*** Opening Information given ***

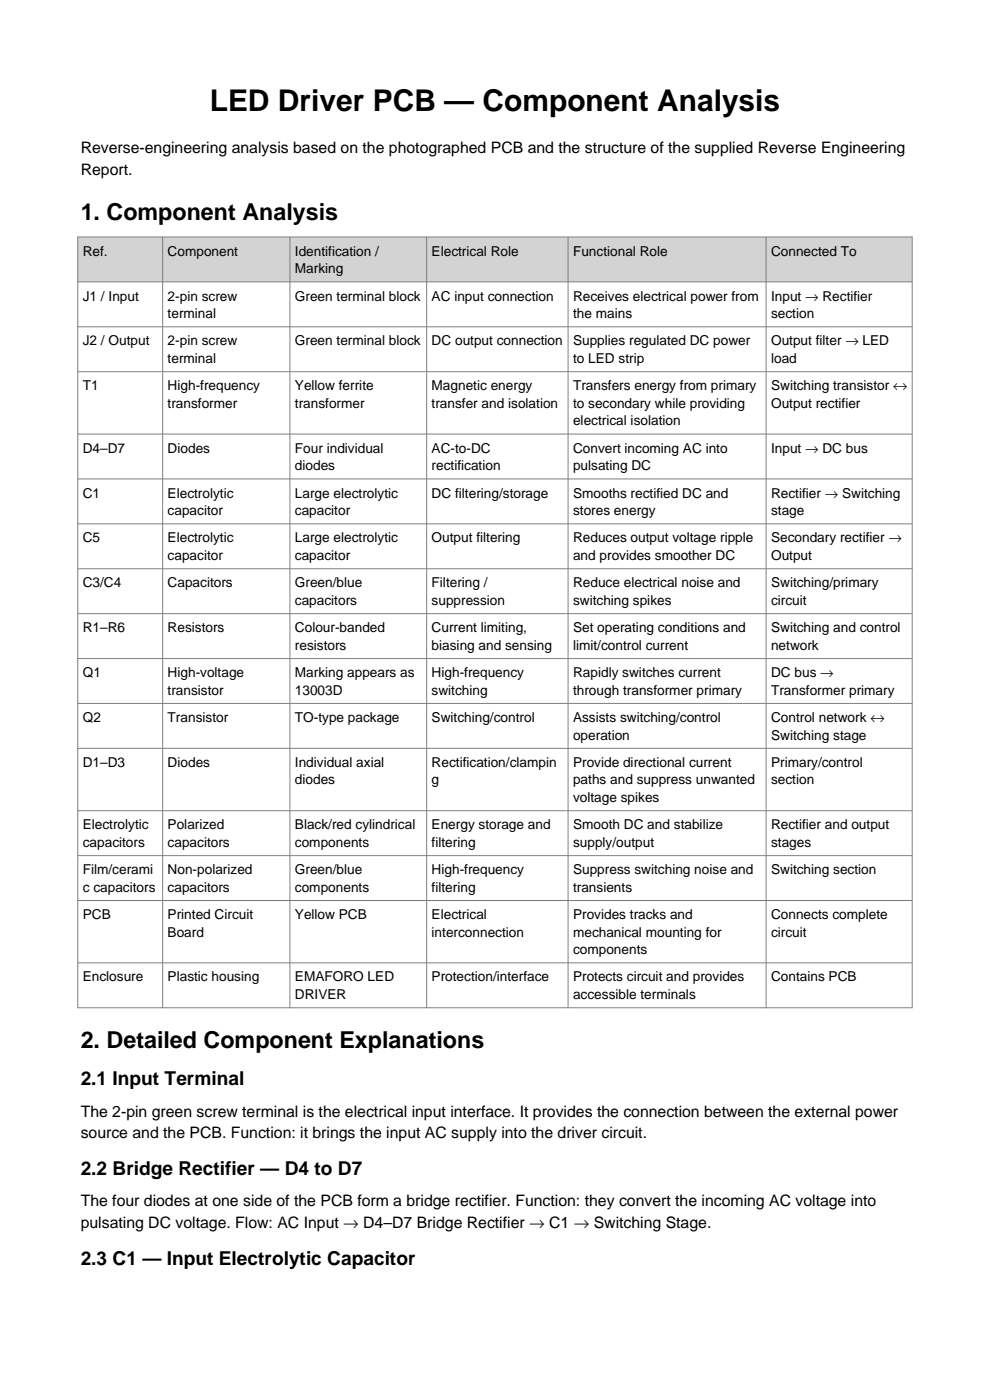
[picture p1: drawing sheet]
<svg xmlns="http://www.w3.org/2000/svg" width="210mm" height="297mm" viewBox="0 0 210 297" stroke-linecap="round" stroke-linejoin="round" font-family="sans-serif">
<defs><g id="words">
<text font-size="6.3" x="44.5" y="23.5">LED Driver PCB — Component Analysis</text>
<g font-size="4.9">
<text x="17.1" y="46.7">1. Component Analysis</text>
<text x="17.1" y="222.3">2. Detailed Component Explanations</text>
</g>
<g font-size="4.1">
<text x="17.1" y="230.2">2.1 Input Terminal</text>
<text x="17.1" y="249.2">2.2 Bridge Rectifier — D4 to D7</text>
<text x="17.1" y="268.3">2.3 C1 — Input Electrolytic Capacitor</text>
</g>
<g font-size="3.4">
<text x="17.1" y="32.5">Reverse-engineering analysis based on the photographed PCB and the structure of the supplied Reverse Engineering</text>
<text x="17.1" y="37">Report.</text>
<text x="17.1" y="236.9">The 2-pin green screw terminal is the electrical input interface. It provides the connection between the external power</text>
<text x="17.1" y="241.5">source and the PCB. Function: it brings the input AC supply into the driver circuit.</text>
<text x="17.1" y="255.9">The four diodes at one side of the PCB form a bridge rectifier. Function: they convert the incoming AC voltage into</text>
<text x="17.1" y="260.5">pulsating DC voltage. Flow: AC Input → D4–D7 Bridge Rectifier → C1 → Switching Stage.</text>
</g>
<g font-size="2.9">
<text x="17.6" y="54.2">Ref.</text>
<text x="35.6" y="54.2">Component</text>
<text x="62.6" y="54.2">Identification /</text>
<text x="62.6" y="57.9">Marking</text>
<text x="91.6" y="54.2">Electrical Role</text>
<text x="121.6" y="54.2">Functional Role</text>
<text x="163.6" y="54.2">Connected To</text>
<text x="17.6" y="63.8">J1 / Input</text>
<text x="35.6" y="63.8">2-pin screw</text>
<text x="62.6" y="63.8">Green terminal block</text>
<text x="91.6" y="63.8">AC input connection</text>
<text x="121.6" y="63.8">Receives electrical power from</text>
<text x="163.6" y="63.8">Input → Rectifier</text>
<text x="35.6" y="67.5">terminal</text>
<text x="121.6" y="67.5">the mains</text>
<text x="163.6" y="67.5">section</text>
<text x="17.6" y="73.3">J2 / Output</text>
<text x="35.6" y="73.3">2-pin screw</text>
<text x="35.6" y="77">terminal</text>
<text x="62.6" y="73.3">Green terminal block</text>
<text x="91.6" y="73.3">DC output connection</text>
<text x="121.6" y="73.3">Supplies regulated DC power</text>
<text x="121.6" y="77">to LED strip</text>
<text x="163.6" y="73.3">Output filter → LED</text>
<text x="163.6" y="77">load</text>
<text x="17.6" y="82.8">T1</text>
<text x="35.6" y="82.8">High-frequency</text>
<text x="62.6" y="82.8">Yellow ferrite</text>
<text x="91.6" y="82.8">Magnetic energy</text>
<text x="121.6" y="82.8">Transfers energy from primary</text>
<text x="163.6" y="82.8">Switching transistor ↔</text>
<text x="35.6" y="86.5">transformer</text>
<text x="62.6" y="86.5">transformer</text>
<text x="91.6" y="86.5">transfer and isolation</text>
<text x="121.6" y="86.5">to secondary while providing</text>
<text x="163.6" y="86.5">Output rectifier</text>
<text x="121.6" y="90.2">electrical isolation</text>
<text x="17.6" y="96">D4–D7</text>
<text x="35.6" y="96">Diodes</text>
<text x="62.6" y="96">Four individual</text>
<text x="62.6" y="99.7">diodes</text>
<text x="91.6" y="96">AC-to-DC</text>
<text x="91.6" y="99.7">rectification</text>
<text x="121.6" y="96">Convert incoming AC into</text>
<text x="121.6" y="99.7">pulsating DC</text>
<text x="163.6" y="96">Input → DC bus</text>
<text x="17.6" y="105.6">C1</text>
<text x="35.6" y="105.6">Electrolytic</text>
<text x="62.6" y="105.6">Large electrolytic</text>
<text x="91.6" y="105.6">DC filtering/storage</text>
<text x="121.6" y="105.6">Smooths rectified DC and</text>
<text x="163.6" y="105.6">Rectifier → Switching</text>
<text x="35.6" y="109.3">capacitor</text>
<text x="62.6" y="109.3">capacitor</text>
<text x="121.6" y="109.3">stores energy</text>
<text x="163.6" y="109.3">stage</text>
<text x="17.6" y="115.1">C5</text>
<text x="35.6" y="115.1">Electrolytic</text>
<text x="35.6" y="118.8">capacitor</text>
<text x="62.6" y="115.1">Large electrolytic</text>
<text x="62.6" y="118.8">capacitor</text>
<text x="91.6" y="115.1">Output filtering</text>
<text x="121.6" y="115.1">Reduces output voltage ripple</text>
<text x="121.6" y="118.8">and provides smoother DC</text>
<text x="163.6" y="115.1">Secondary rectifier →</text>
<text x="163.6" y="118.8">Output</text>
<text x="17.6" y="124.6">C3/C4</text>
<text x="35.6" y="124.6">Capacitors</text>
<text x="62.6" y="124.6">Green/blue</text>
<text x="91.6" y="124.6">Filtering /</text>
<text x="121.6" y="124.6">Reduce electrical noise and</text>
<text x="163.6" y="124.6">Switching/primary</text>
<text x="62.6" y="128.3">capacitors</text>
<text x="91.6" y="128.3">suppression</text>
<text x="121.6" y="128.3">switching spikes</text>
<text x="163.6" y="128.3">circuit</text>
<text x="17.6" y="134.1">R1–R6</text>
<text x="35.6" y="134.1">Resistors</text>
<text x="62.6" y="134.1">Colour-banded</text>
<text x="62.6" y="137.8">resistors</text>
<text x="91.6" y="134.1">Current limiting,</text>
<text x="91.6" y="137.8">biasing and sensing</text>
<text x="121.6" y="134.1">Set operating conditions and</text>
<text x="121.6" y="137.8">limit/control current</text>
<text x="163.6" y="134.1">Switching and control</text>
<text x="163.6" y="137.8">network</text>
<text x="17.6" y="143.7">Q1</text>
<text x="35.6" y="143.7">High-voltage</text>
<text x="62.6" y="143.7">Marking appears as</text>
<text x="91.6" y="143.7">High-frequency</text>
<text x="121.6" y="143.7">Rapidly switches current</text>
<text x="163.6" y="143.7">DC bus →</text>
<text x="35.6" y="147.4">transistor</text>
<text x="62.6" y="147.4">13003D</text>
<text x="91.6" y="147.4">switching</text>
<text x="121.6" y="147.4">through transformer primary</text>
<text x="163.6" y="147.4">Transformer primary</text>
<text x="17.6" y="153.2">Q2</text>
<text x="35.6" y="153.2">Transistor</text>
<text x="62.6" y="153.2">TO-type package</text>
<text x="91.6" y="153.2">Switching/control</text>
<text x="121.6" y="153.2">Assists switching/control</text>
<text x="163.6" y="153.2">Control network ↔</text>
<text x="121.6" y="156.9">operation</text>
<text x="163.6" y="156.9">Switching stage</text>
<text x="17.6" y="162.7">D1–D3</text>
<text x="35.6" y="162.7">Diodes</text>
<text x="62.6" y="162.7">Individual axial</text>
<text x="62.6" y="166.4">diodes</text>
<text x="91.6" y="162.7">Rectification/clampin</text>
<text x="91.6" y="166.4">g</text>
<text x="121.6" y="162.7">Provide directional current</text>
<text x="121.6" y="166.4">paths and suppress unwanted</text>
<text x="163.6" y="162.7">Primary/control</text>
<text x="163.6" y="166.4">section</text>
<text x="121.6" y="170.1">voltage spikes</text>
<text x="17.6" y="175.9">Electrolytic</text>
<text x="17.6" y="179.6">capacitors</text>
<text x="35.6" y="175.9">Polarized</text>
<text x="35.6" y="179.6">capacitors</text>
<text x="62.6" y="175.9">Black/red cylindrical</text>
<text x="62.6" y="179.6">components</text>
<text x="91.6" y="175.9">Energy storage and</text>
<text x="91.6" y="179.6">filtering</text>
<text x="121.6" y="175.9">Smooth DC and stabilize</text>
<text x="121.6" y="179.6">supply/output</text>
<text x="163.6" y="175.9">Rectifier and output</text>
<text x="163.6" y="179.6">stages</text>
<text x="17.6" y="185.5">Film/cerami</text>
<text x="35.6" y="185.5">Non-polarized</text>
<text x="62.6" y="185.5">Green/blue</text>
<text x="91.6" y="185.5">High-frequency</text>
<text x="121.6" y="185.5">Suppress switching noise and</text>
<text x="163.6" y="185.5">Switching section</text>
<text x="17.6" y="189.2">c capacitors</text>
<text x="35.6" y="189.2">capacitors</text>
<text x="62.6" y="189.2">components</text>
<text x="91.6" y="189.2">filtering</text>
<text x="121.6" y="189.2">transients</text>
<text x="17.6" y="195">PCB</text>
<text x="35.6" y="195">Printed Circuit</text>
<text x="62.6" y="195">Yellow PCB</text>
<text x="91.6" y="195">Electrical</text>
<text x="121.6" y="195">Provides tracks and</text>
<text x="163.6" y="195">Connects complete</text>
<text x="35.6" y="198.7">Board</text>
<text x="91.6" y="198.7">interconnection</text>
<text x="121.6" y="198.7">mechanical mounting for</text>
<text x="121.6" y="202.4">components</text>
<text x="163.6" y="198.7">circuit</text>
<text x="17.6" y="208.2">Enclosure</text>
<text x="35.6" y="208.2">Plastic housing</text>
<text x="62.6" y="208.2">EMAFORO LED</text>
<text x="91.6" y="208.2">Protection/interface</text>
<text x="121.6" y="208.2">Protects circuit and provides</text>
<text x="163.6" y="208.2">Contains PCB</text>
<text x="62.6" y="211.9">DRIVER</text>
<text x="121.6" y="211.9">accessible terminals</text>
</g>
</g></defs>
<path d="M16.5 50.3h177v9.5h-177z" fill-rule="evenodd" fill="#d3d3d3"/>
<g fill="none" stroke="#808080" stroke-width=".21">
<path d="M16.5 50.3h177v163.5h-177zM16.5 59.8h177M34.5 50.3v163.5M61.5 50.3v163.5M90.5 50.3v163.5M120.5 50.3v163.5M162.5 50.3v163.5M16.5 69.3h177M16.5 78.9h177M16.5 92.1h177M16.5 101.6h177M16.5 111.1h177"/>
<path d="M16.5 120.7h177M16.5 130.2h177M16.5 139.7h177M16.5 149.2h177M16.5 158.8h177M16.5 172h177M16.5 181.5h177M16.5 191h177M16.5 204.3h177"/>
</g>
<use href="#words"/>
</svg>

*** Closing Information given ***

• _What needs to be done_
Look through the records for the string "section". Copy every line that has it.

• _Written answer_
<text x="163.6" y="67.5">section</text>
<text x="163.6" y="166.4">section</text>
<text x="163.6" y="185.5">Switching section</text>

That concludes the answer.